Dancing on the Bart
Moments in time that drive loyalty
If you are leading a team of people, regardless of where you are in the organization, you know that earning people’s respect and loyalty is everything. They will walk to the edge of the cliff with you if they believe. Sure, you can get them to buy into your vision and what it can do for their career. But if you truly want that unwavering dedication, then they need to also believe in you as a person.

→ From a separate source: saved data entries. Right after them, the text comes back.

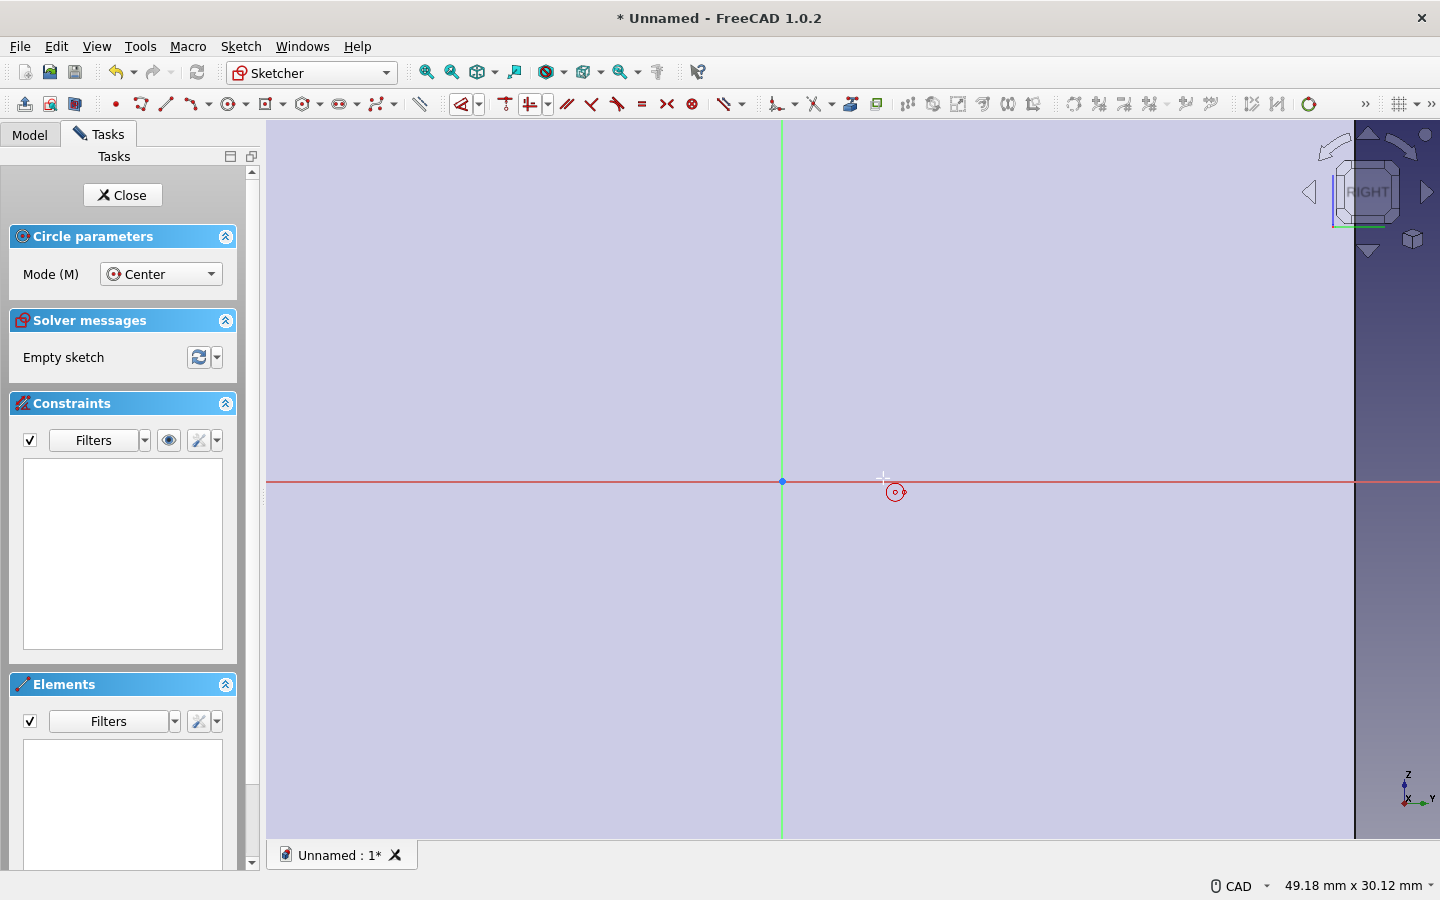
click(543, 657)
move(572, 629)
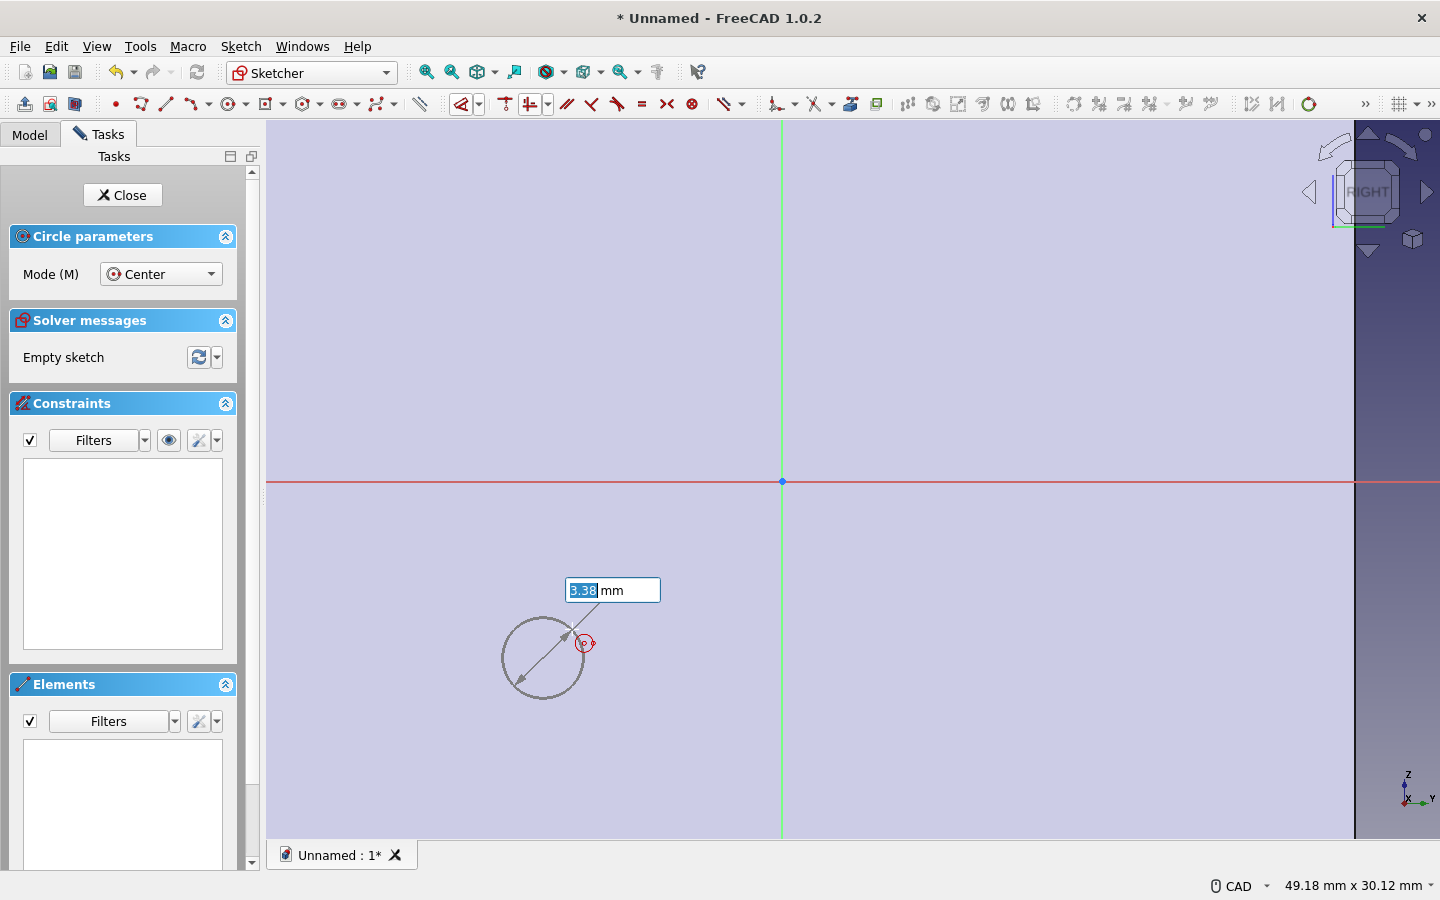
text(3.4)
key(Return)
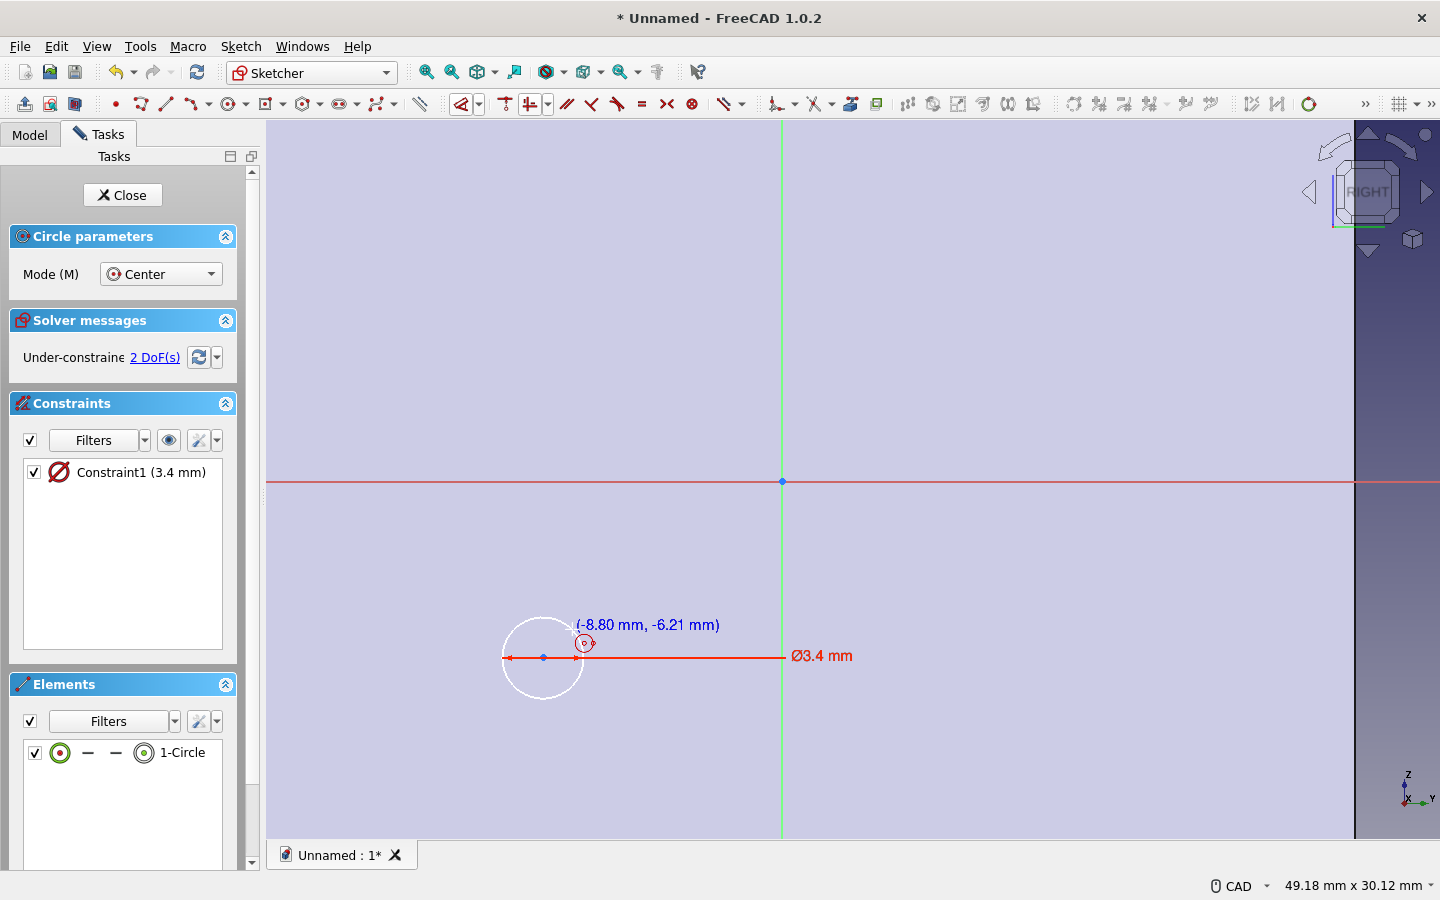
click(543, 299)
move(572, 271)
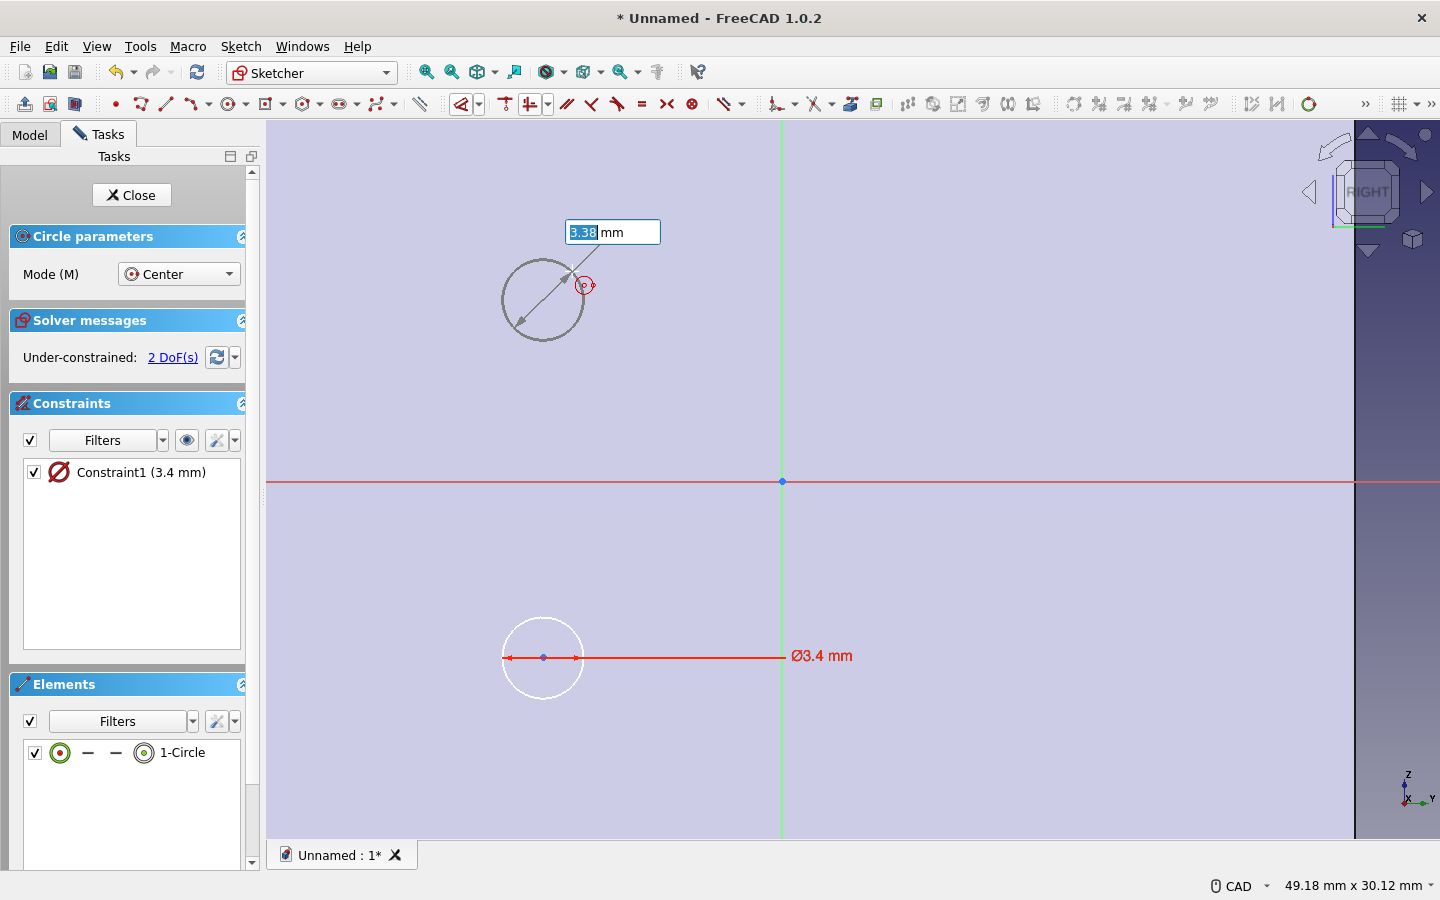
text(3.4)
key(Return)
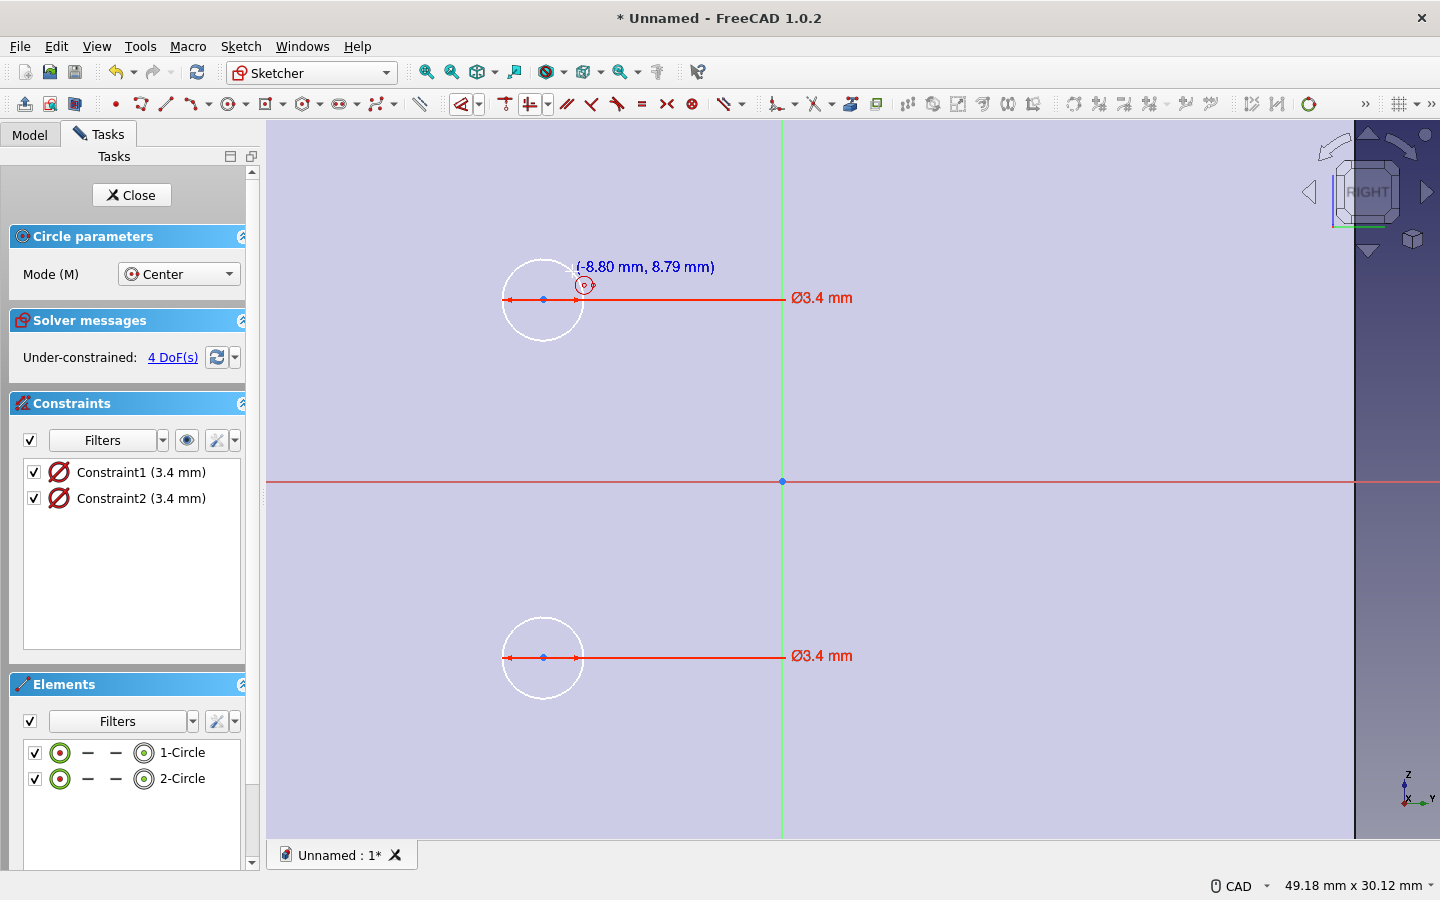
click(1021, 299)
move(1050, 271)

I learned this lesson like most people — the hard way. I have been leading teams of varying sizes for over 15 years. I have made some great relationships and have had many employees follow me from company to company. I have mentored junior people to find their callings in their careers, set lofty goals, rallied people around crazy visions, rolled up my sleeves and gone to bat for people when no one else believed in them. But it wasn’t until someone told me about “the moment” in time they felt like they would follow me anywhere, that I understood what it really takes to be a great leader.
“I became truly loyal to you when I saw you dancing on the Bart in San Francisco.”
When I first heard this, I was shocked. First of all, I don’t even remember doing this — it was like an unconscious gesture that happened amongst the many things we did that day. But that wasn’t what really got me. It was that we had worked together for years before this moment occurred — every meeting we had had, every ideation session, every accomplishment we achieved together, and he didn’t feel truly loyal until this 60 seconds in time. So what was missing? And why of all things did something as silly as bopping to music on the subway change the dynamic?
As leaders we often think that to be respected, we need to show that we are competent and capable. We have it all together. We create the right vision, set the right goals, hire the right people, inspire and motivate. Because of this, most of our conversations center around business objectives, projects, and the career growth of our employees. Sure, we ask about their weekends and share stories about our kids, we host happy hours and take employees out to lunch, but do we let our hair down during any of that? Do we truly let them in to see the real us, flaws and all?
Okay— dancing is not a flaw, unless you are a really bad dancer, but it gave a glimpse into my quirky side, one that was reserved for nail polish & crazy hair parties with my 5 year old daughter. It was unexpected and gave him permission to be himself too. It kicked me off the pedestal in a good way — opened him up to have honest conversations where he not only asked what he could do better, but how he could help me do better.
Hearing this story about dancing on the Bart was a beautiful thing. I now have a new appreciation for what an “authentic leader” actually means. It is about showing you are only human afterall, so that they can see greatness within themselves as well.
As I left my last company, my entire team took me out for happy hour. We shared incredible stories about our favorite moments together, what we meant to one another, funny (and sometimes dangerous) things we did as we were growing up and the career challenges ahead. It was an amazing way to close a chapter and start a new one.
I am now on a journey to curate more stories like this from past employees, as well as other leaders around the country and will be putting these lessons into my leadership playbook. From all the conversations I have had so far, the biggest takeaway I can share is that there is no perfect leader — so stop trying and embrace who you are. After all, great leadership is made up of many many impactful moments, So beat to your own drum and dance in front of your team if the moment strikes.